Sola Tells Me Her Story
When consciousness returned, and, as I soon learned, I was down but a moment, I sprang
quickly to my feet searching for my sword, and there I found it, buried to the hilt in the
green breast of Zad, who lay stone dead upon the ochre moss of the ancient sea bottom.
As I regained my full senses I found his weapon piercing my left breast, but only through
the flesh and muscles which cover my ribs, entering near the center of my chest and
coming out below the shoulder. As I had lunged I had turned so that his sword merely
passed beneath the muscles, inflicting a painful but not dangerous wound.

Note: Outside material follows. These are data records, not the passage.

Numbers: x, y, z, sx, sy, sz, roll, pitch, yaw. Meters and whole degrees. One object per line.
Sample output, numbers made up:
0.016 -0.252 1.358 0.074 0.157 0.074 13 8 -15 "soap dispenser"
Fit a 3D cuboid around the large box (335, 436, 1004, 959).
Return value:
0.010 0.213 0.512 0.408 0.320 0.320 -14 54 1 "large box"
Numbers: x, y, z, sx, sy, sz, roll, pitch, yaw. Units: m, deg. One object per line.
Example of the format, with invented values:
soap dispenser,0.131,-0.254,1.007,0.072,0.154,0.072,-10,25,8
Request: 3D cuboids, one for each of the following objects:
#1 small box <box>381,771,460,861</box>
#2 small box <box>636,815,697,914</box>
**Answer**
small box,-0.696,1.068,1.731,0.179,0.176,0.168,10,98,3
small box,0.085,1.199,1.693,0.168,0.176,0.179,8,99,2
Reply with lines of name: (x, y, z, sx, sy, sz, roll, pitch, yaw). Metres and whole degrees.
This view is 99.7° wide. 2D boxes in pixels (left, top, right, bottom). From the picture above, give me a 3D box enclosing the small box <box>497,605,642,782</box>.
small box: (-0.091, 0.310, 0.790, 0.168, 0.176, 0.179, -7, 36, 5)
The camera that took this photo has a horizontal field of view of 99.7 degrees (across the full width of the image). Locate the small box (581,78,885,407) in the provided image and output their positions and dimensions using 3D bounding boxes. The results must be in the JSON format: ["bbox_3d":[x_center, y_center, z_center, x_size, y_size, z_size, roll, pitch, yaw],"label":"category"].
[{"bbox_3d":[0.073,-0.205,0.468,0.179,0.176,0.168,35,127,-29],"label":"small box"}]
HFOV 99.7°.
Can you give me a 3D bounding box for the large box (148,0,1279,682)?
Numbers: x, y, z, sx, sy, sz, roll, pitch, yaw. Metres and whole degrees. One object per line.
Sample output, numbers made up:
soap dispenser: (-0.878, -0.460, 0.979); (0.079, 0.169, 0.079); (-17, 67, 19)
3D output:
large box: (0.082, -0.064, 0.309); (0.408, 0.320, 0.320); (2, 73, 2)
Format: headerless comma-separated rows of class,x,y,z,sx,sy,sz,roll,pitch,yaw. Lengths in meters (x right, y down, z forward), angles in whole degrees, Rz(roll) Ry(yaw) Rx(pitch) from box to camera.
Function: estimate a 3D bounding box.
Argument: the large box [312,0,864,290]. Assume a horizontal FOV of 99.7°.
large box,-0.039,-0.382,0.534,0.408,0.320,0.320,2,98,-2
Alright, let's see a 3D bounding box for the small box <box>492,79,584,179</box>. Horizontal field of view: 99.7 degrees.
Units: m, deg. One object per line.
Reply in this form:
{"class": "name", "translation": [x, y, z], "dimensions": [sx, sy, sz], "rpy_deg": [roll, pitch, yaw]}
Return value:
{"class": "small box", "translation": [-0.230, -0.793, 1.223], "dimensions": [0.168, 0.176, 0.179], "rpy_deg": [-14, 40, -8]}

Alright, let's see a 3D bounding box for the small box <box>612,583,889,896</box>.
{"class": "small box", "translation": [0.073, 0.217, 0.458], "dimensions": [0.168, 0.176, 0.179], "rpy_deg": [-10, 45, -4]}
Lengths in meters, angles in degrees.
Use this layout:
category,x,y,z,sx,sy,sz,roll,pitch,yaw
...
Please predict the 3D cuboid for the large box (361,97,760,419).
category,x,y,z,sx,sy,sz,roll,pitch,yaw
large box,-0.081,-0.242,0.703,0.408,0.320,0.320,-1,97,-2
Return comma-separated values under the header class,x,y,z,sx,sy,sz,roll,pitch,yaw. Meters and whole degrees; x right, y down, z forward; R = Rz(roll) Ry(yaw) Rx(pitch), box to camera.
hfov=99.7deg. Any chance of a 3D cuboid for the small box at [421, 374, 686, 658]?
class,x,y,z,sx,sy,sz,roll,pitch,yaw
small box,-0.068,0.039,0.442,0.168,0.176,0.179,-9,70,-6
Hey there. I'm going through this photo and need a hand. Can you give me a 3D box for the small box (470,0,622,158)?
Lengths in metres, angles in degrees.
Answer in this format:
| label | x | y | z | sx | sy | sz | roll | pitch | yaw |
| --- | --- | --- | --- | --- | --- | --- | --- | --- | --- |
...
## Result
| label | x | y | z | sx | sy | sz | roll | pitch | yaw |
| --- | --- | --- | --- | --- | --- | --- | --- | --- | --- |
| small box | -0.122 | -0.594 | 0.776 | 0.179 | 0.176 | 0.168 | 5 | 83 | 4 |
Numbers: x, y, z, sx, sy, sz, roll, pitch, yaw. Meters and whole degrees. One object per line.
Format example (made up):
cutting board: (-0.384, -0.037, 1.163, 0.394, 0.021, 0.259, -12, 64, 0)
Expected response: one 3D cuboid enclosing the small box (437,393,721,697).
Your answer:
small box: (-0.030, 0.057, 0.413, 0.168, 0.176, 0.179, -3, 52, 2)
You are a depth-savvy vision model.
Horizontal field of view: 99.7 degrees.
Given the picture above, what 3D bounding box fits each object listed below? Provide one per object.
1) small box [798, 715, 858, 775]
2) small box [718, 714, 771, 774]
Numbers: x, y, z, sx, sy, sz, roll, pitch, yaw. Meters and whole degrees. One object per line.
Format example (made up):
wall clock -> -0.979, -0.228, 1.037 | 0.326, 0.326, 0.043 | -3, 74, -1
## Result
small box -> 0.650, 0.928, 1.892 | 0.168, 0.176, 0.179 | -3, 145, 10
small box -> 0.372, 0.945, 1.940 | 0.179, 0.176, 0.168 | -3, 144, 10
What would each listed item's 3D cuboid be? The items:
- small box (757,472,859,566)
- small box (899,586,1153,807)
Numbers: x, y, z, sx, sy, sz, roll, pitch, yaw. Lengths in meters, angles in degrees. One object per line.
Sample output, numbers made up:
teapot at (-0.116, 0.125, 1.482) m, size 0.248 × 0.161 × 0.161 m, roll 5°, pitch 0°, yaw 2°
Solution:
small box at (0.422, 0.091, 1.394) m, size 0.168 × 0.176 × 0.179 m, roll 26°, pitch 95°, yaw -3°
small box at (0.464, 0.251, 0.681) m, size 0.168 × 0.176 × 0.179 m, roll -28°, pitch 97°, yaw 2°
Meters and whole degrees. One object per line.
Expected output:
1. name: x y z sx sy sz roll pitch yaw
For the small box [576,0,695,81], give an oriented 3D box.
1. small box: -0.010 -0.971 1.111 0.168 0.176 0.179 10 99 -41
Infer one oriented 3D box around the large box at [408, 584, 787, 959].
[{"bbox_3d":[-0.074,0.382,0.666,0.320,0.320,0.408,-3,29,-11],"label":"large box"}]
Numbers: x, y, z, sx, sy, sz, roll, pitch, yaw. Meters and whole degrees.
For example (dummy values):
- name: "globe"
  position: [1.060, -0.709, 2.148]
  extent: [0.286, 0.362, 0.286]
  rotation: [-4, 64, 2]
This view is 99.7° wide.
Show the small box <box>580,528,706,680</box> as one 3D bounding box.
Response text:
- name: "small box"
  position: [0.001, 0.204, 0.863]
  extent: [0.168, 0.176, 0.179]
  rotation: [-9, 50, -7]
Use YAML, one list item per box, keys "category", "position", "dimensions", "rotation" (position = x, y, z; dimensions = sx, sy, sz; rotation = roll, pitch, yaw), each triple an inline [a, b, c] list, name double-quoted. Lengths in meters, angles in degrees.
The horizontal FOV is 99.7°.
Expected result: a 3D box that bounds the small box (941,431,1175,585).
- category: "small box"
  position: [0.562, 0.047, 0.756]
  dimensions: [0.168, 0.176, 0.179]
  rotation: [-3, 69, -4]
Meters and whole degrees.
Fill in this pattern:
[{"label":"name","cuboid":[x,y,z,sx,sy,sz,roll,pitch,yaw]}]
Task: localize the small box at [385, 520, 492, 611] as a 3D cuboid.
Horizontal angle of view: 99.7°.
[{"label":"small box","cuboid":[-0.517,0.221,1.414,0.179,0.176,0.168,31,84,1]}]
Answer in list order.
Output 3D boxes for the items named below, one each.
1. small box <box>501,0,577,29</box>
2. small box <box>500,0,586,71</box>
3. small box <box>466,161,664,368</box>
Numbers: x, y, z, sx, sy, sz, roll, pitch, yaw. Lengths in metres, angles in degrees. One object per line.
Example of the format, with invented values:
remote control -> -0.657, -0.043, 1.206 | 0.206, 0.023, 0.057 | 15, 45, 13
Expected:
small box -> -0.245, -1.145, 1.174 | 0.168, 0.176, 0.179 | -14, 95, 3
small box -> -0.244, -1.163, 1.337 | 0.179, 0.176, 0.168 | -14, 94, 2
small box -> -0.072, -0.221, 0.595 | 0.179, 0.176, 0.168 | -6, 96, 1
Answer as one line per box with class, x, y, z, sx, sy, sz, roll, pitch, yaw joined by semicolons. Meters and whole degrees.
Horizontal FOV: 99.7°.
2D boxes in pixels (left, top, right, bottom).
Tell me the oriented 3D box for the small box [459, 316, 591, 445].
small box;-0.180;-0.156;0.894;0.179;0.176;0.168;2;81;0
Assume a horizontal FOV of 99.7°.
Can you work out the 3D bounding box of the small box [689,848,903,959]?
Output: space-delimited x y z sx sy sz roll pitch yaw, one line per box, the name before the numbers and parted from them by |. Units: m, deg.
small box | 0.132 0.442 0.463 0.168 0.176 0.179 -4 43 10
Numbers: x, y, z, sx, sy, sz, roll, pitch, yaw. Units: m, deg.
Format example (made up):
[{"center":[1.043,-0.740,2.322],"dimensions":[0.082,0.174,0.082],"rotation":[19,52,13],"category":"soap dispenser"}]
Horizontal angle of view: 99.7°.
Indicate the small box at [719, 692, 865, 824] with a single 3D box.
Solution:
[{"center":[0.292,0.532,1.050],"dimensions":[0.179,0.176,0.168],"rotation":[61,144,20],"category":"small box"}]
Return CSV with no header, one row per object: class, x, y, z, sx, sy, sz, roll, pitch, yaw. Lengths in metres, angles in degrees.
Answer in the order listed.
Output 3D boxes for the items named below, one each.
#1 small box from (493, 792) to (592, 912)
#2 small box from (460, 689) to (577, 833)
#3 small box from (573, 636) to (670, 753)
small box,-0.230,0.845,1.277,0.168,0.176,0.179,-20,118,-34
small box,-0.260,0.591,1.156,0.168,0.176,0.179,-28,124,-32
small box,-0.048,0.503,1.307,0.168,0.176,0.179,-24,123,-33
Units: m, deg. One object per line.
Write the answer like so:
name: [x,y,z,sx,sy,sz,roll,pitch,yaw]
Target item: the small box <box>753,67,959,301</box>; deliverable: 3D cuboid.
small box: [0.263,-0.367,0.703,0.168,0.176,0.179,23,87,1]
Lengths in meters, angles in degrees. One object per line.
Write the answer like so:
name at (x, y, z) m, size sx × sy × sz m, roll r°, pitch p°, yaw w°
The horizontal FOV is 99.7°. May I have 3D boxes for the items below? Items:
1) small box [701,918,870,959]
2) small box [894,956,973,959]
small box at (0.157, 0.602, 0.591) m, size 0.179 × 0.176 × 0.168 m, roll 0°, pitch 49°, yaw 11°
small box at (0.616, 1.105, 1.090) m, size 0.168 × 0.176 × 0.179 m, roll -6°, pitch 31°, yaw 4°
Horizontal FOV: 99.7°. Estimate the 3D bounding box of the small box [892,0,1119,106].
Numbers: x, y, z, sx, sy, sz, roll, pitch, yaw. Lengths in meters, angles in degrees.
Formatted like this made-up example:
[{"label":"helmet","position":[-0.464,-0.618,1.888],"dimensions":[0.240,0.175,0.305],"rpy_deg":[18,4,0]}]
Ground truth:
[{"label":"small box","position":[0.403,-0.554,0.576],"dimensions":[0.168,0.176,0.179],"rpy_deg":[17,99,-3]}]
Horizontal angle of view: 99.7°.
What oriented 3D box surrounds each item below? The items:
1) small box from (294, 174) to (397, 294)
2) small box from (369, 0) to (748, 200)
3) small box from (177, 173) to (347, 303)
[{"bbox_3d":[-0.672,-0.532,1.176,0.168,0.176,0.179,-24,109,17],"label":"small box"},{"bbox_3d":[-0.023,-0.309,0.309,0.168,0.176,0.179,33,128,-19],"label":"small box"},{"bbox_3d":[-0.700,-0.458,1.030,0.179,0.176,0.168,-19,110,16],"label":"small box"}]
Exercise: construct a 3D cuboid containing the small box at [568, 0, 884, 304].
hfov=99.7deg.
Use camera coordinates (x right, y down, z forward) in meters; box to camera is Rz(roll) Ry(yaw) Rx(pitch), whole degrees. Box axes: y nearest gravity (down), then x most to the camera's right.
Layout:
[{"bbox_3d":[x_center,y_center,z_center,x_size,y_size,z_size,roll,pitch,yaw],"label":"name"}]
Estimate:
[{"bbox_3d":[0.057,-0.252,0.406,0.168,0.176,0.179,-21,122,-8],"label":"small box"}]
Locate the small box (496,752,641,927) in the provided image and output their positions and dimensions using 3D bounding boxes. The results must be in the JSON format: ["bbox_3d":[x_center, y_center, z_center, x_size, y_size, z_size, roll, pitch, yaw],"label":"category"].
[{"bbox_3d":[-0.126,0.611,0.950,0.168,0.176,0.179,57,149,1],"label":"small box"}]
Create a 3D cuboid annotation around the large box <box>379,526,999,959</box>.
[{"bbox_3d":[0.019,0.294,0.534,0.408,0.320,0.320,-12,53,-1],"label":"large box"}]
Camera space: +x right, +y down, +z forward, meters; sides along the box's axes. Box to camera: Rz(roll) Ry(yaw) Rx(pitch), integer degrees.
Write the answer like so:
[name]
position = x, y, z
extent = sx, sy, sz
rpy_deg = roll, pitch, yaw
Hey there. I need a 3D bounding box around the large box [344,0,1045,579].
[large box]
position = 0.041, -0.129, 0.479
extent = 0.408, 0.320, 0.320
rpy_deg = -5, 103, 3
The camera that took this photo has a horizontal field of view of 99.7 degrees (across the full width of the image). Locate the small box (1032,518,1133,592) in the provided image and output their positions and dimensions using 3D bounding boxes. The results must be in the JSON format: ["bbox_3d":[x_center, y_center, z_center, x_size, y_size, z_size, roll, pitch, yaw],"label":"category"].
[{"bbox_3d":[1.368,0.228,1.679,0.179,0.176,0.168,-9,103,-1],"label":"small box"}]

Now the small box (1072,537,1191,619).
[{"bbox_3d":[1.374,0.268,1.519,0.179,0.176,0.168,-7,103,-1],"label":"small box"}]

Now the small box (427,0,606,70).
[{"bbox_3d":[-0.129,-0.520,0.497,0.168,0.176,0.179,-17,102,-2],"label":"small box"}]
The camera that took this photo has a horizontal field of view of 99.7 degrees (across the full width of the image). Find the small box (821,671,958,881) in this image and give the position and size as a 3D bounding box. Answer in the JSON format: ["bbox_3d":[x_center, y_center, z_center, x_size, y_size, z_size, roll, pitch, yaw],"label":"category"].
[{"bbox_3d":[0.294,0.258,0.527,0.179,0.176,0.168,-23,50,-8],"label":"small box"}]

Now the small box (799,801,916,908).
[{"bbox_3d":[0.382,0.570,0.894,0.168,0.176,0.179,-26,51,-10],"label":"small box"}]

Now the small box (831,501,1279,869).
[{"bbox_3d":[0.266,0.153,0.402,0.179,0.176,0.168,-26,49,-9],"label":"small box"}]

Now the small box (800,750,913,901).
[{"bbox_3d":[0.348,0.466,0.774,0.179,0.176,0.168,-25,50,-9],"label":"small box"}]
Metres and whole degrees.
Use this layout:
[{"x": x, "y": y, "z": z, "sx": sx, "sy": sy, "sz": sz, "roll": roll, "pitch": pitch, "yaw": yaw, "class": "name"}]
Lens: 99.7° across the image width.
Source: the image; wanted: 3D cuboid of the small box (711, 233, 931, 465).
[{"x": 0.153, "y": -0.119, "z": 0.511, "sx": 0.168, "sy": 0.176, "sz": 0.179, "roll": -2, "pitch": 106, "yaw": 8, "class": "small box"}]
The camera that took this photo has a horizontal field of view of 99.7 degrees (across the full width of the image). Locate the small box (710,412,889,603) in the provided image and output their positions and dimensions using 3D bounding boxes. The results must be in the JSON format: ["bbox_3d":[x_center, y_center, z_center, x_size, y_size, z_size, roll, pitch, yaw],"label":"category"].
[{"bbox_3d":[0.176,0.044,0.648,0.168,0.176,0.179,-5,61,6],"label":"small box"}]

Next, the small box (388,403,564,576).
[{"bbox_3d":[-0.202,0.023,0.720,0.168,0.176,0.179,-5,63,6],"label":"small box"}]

Removing the blade from my body I also regained my own, and turning my back upon
his ugly carcass, I moved, sick, sore, and disgusted, toward the chariots which bore my
retinue and my belongings. A murmur of Martian applause greeted me, but I cared not for
it.
Bleeding and weak I reached my women, who, accustomed to such happenings, dressed
my wounds, applying the wonderful healing and remedial agents which make only the
most instantaneous of death blows fatal. Give a Martian woman a chance and death must
take a back seat. They soon had me patched up so that, except for weakness from loss of
blood and a little soreness around the wound, I suffered no great distress from this thrust
which, under earthly treatment, undoubtedly would have put me flat on my back for days.
As soon as they were through with me I hastened to the chariot of Dejah Thoris, where I
found my poor Sola with her chest swathed in bandages, but apparently little the worse
for her encounter with Sarkoja, whose dagger it seemed had struck the edge of one of
Sola's metal breast ornaments and, thus deflected, had inflicted but a slight flesh wound.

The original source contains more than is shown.